Stored entries:
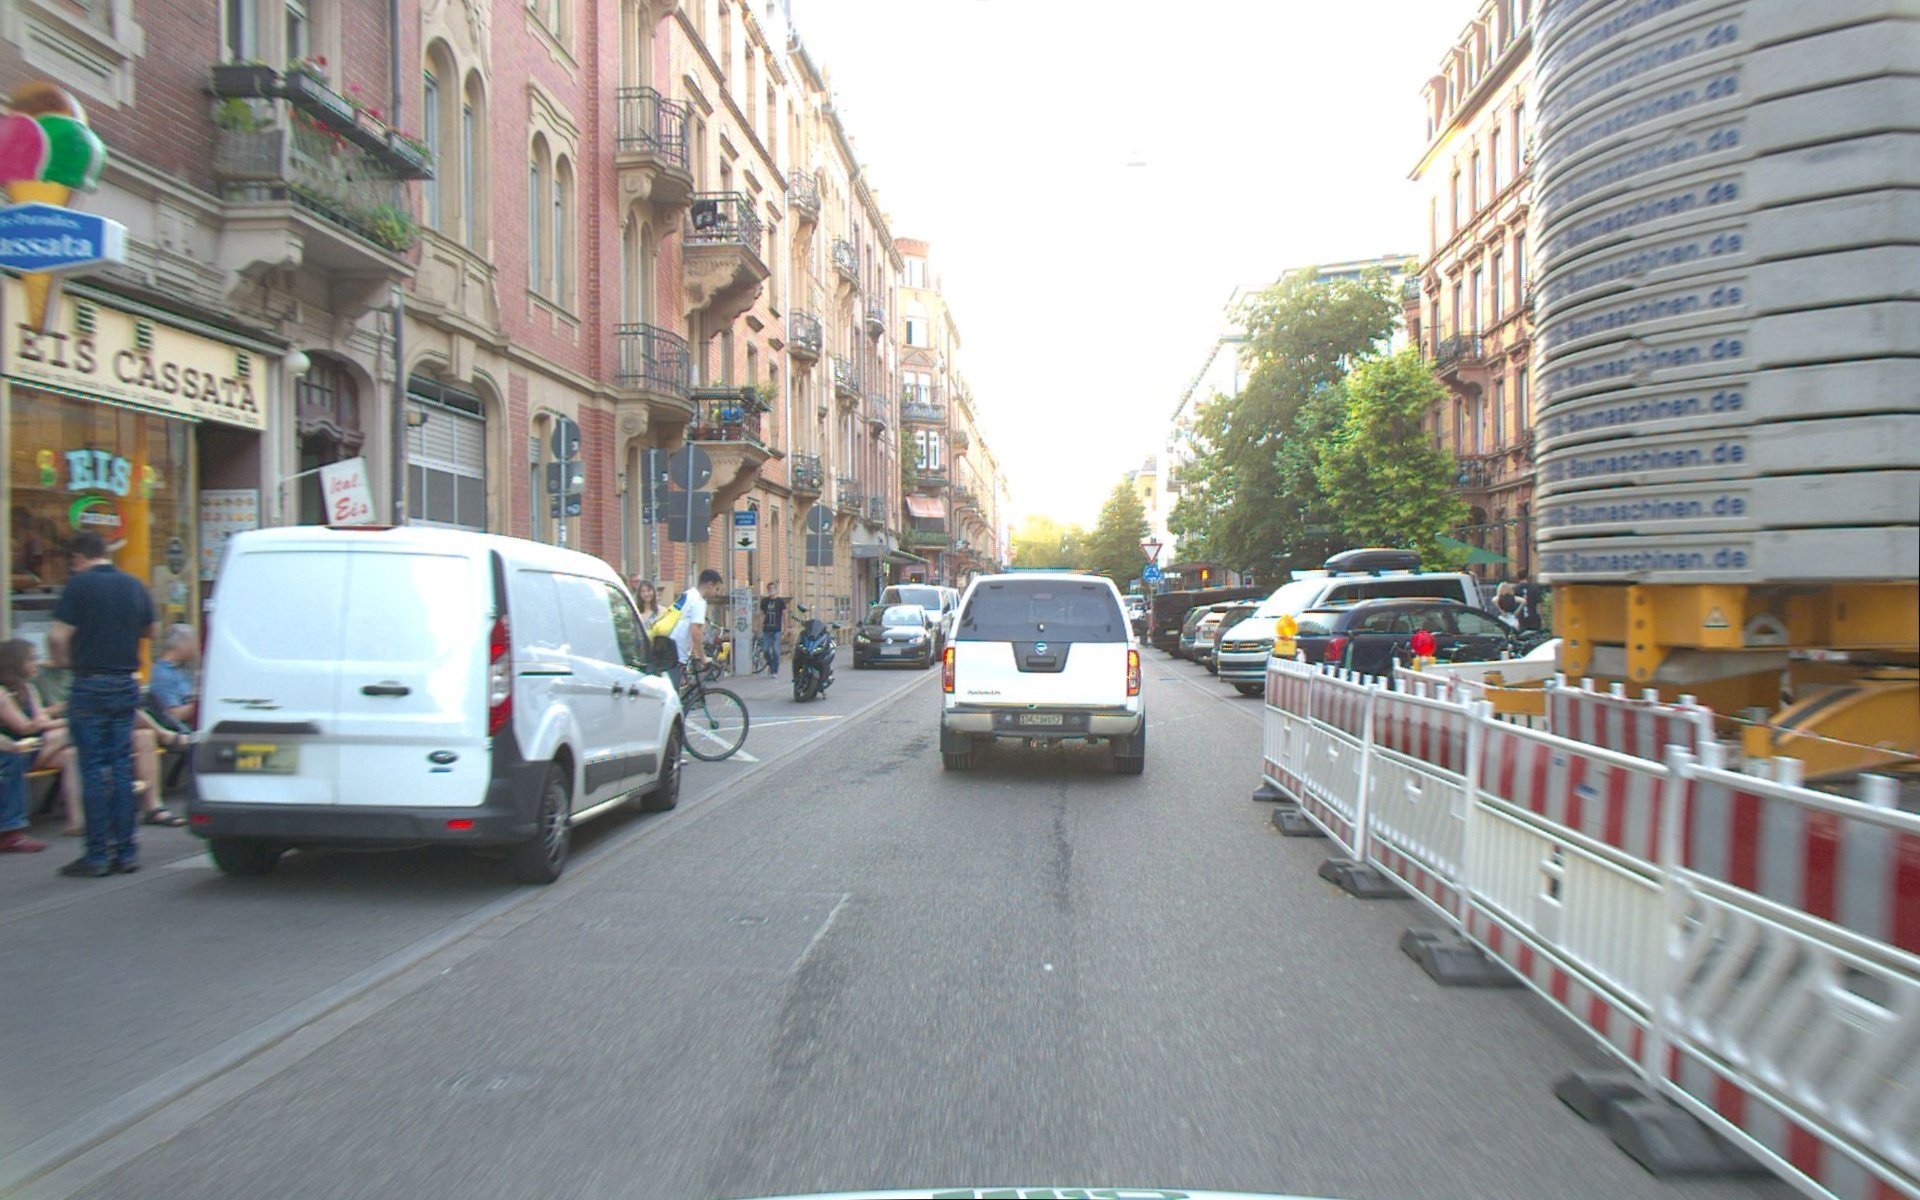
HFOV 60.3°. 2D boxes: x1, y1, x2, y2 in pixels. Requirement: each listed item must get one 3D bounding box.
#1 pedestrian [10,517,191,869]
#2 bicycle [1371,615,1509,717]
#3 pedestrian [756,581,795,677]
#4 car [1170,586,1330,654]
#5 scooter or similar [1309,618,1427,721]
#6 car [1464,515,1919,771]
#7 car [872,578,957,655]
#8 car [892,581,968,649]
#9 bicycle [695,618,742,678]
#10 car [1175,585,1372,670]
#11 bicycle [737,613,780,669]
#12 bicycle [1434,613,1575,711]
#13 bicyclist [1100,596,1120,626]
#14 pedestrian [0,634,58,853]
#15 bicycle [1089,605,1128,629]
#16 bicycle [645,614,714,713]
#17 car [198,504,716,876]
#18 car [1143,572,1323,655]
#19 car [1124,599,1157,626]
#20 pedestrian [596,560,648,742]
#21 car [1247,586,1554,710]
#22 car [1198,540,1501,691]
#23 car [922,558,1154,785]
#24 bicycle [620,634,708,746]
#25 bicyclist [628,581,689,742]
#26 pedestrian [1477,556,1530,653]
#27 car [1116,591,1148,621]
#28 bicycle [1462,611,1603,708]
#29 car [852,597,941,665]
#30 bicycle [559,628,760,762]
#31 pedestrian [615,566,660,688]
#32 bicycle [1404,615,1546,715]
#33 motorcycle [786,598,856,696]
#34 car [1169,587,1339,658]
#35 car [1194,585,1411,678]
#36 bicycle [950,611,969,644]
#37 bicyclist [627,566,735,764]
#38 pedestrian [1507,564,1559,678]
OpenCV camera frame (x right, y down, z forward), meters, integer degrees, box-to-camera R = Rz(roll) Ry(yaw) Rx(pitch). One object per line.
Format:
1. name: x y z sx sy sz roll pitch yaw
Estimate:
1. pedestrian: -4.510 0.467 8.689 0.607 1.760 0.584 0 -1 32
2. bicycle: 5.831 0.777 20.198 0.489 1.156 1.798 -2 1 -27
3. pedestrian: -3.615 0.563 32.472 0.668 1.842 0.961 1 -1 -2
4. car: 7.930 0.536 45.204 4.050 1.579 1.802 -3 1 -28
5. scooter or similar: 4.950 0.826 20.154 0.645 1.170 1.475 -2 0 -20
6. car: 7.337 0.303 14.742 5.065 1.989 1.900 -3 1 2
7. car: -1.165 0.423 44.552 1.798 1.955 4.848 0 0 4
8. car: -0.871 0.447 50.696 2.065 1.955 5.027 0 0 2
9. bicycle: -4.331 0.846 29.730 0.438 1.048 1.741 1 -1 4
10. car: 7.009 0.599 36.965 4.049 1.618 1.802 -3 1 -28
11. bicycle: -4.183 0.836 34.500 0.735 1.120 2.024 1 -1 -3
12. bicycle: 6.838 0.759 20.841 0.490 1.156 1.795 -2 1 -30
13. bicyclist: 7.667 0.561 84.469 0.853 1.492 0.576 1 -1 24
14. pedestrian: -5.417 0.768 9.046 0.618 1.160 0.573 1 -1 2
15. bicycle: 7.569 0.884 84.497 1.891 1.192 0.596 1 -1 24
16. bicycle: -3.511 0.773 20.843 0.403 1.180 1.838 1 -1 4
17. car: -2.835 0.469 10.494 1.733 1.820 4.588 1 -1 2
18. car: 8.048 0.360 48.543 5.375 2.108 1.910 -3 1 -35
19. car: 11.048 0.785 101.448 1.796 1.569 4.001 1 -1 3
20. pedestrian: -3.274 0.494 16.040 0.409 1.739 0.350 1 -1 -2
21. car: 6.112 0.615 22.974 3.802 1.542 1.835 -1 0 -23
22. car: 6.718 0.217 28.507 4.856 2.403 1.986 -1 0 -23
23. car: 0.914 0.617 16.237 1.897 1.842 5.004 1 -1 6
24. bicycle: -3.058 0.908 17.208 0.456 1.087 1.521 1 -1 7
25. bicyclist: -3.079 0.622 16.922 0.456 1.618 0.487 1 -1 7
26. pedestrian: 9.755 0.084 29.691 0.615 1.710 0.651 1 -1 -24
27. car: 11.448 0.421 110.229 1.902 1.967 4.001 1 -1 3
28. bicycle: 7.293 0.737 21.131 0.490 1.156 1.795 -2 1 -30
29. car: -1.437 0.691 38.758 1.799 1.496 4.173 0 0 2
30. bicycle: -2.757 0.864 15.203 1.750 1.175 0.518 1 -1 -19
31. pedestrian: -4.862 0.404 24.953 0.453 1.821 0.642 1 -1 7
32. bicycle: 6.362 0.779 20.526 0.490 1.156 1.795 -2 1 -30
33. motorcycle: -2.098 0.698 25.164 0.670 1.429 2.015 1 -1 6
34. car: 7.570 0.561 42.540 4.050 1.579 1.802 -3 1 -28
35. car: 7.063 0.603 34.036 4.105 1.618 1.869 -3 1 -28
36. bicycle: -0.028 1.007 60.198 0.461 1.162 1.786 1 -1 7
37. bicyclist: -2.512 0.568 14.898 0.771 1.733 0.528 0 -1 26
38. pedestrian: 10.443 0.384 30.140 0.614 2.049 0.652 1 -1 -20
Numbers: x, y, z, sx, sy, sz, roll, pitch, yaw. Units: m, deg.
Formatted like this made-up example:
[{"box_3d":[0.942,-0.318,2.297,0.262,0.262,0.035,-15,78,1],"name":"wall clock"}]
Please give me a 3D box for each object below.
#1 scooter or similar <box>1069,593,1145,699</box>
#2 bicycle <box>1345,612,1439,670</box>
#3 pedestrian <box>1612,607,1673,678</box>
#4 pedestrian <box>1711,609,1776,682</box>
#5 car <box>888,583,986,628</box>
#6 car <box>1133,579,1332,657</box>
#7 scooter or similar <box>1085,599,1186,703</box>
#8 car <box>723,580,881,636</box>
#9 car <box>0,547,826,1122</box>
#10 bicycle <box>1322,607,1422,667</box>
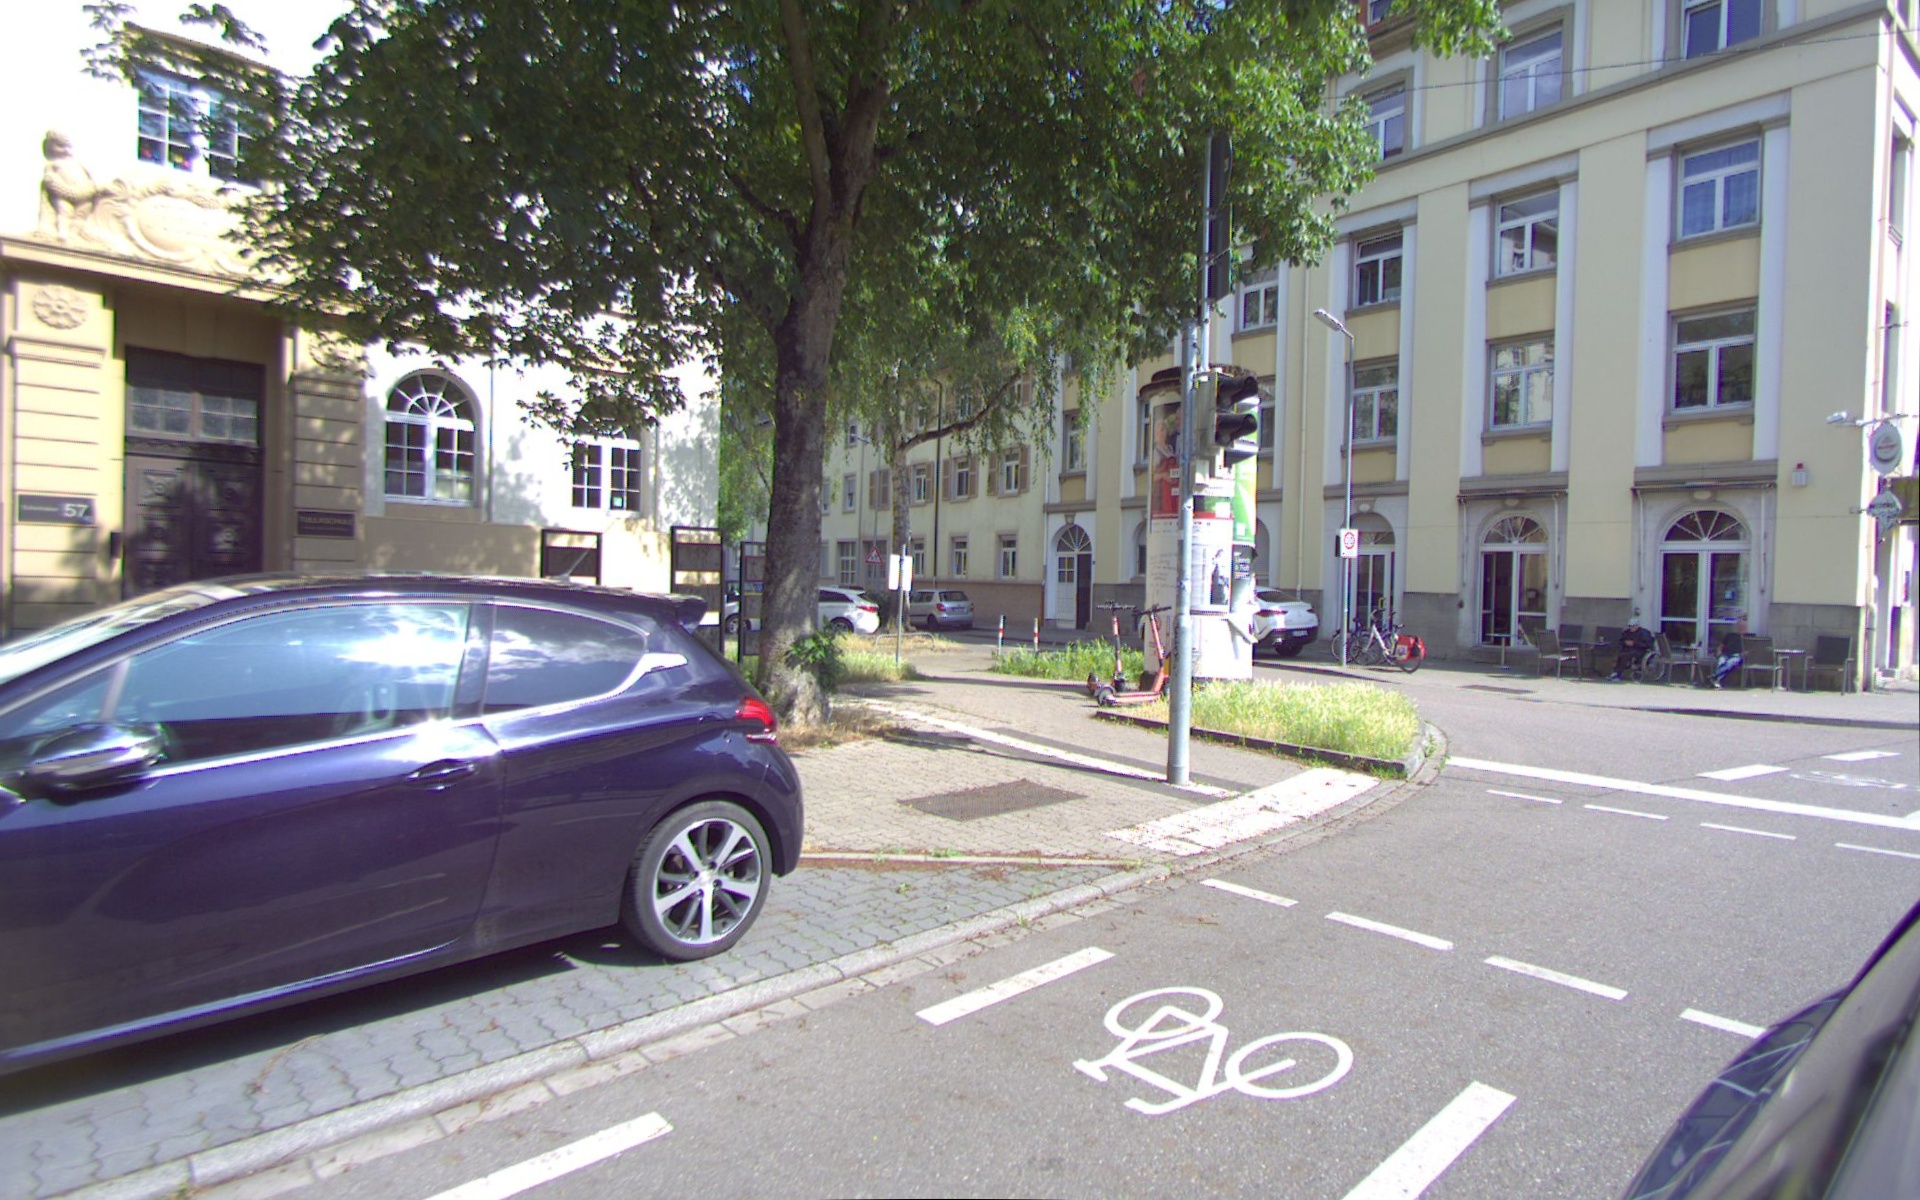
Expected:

Work to complete ▸ Keep the pictures out and repeat exactly the lines from the beginning of the data through the line that contains "#18 car [1143,572,1323,655]", both ends included.

Solution ▸
HFOV 60.3°. 2D boxes: x1, y1, x2, y2 in pixels. Requirement: each listed item must get one 3D bounding box.
#1 pedestrian [10,517,191,869]
#2 bicycle [1371,615,1509,717]
#3 pedestrian [756,581,795,677]
#4 car [1170,586,1330,654]
#5 scooter or similar [1309,618,1427,721]
#6 car [1464,515,1919,771]
#7 car [872,578,957,655]
#8 car [892,581,968,649]
#9 bicycle [695,618,742,678]
#10 car [1175,585,1372,670]
#11 bicycle [737,613,780,669]
#12 bicycle [1434,613,1575,711]
#13 bicyclist [1100,596,1120,626]
#14 pedestrian [0,634,58,853]
#15 bicycle [1089,605,1128,629]
#16 bicycle [645,614,714,713]
#17 car [198,504,716,876]
#18 car [1143,572,1323,655]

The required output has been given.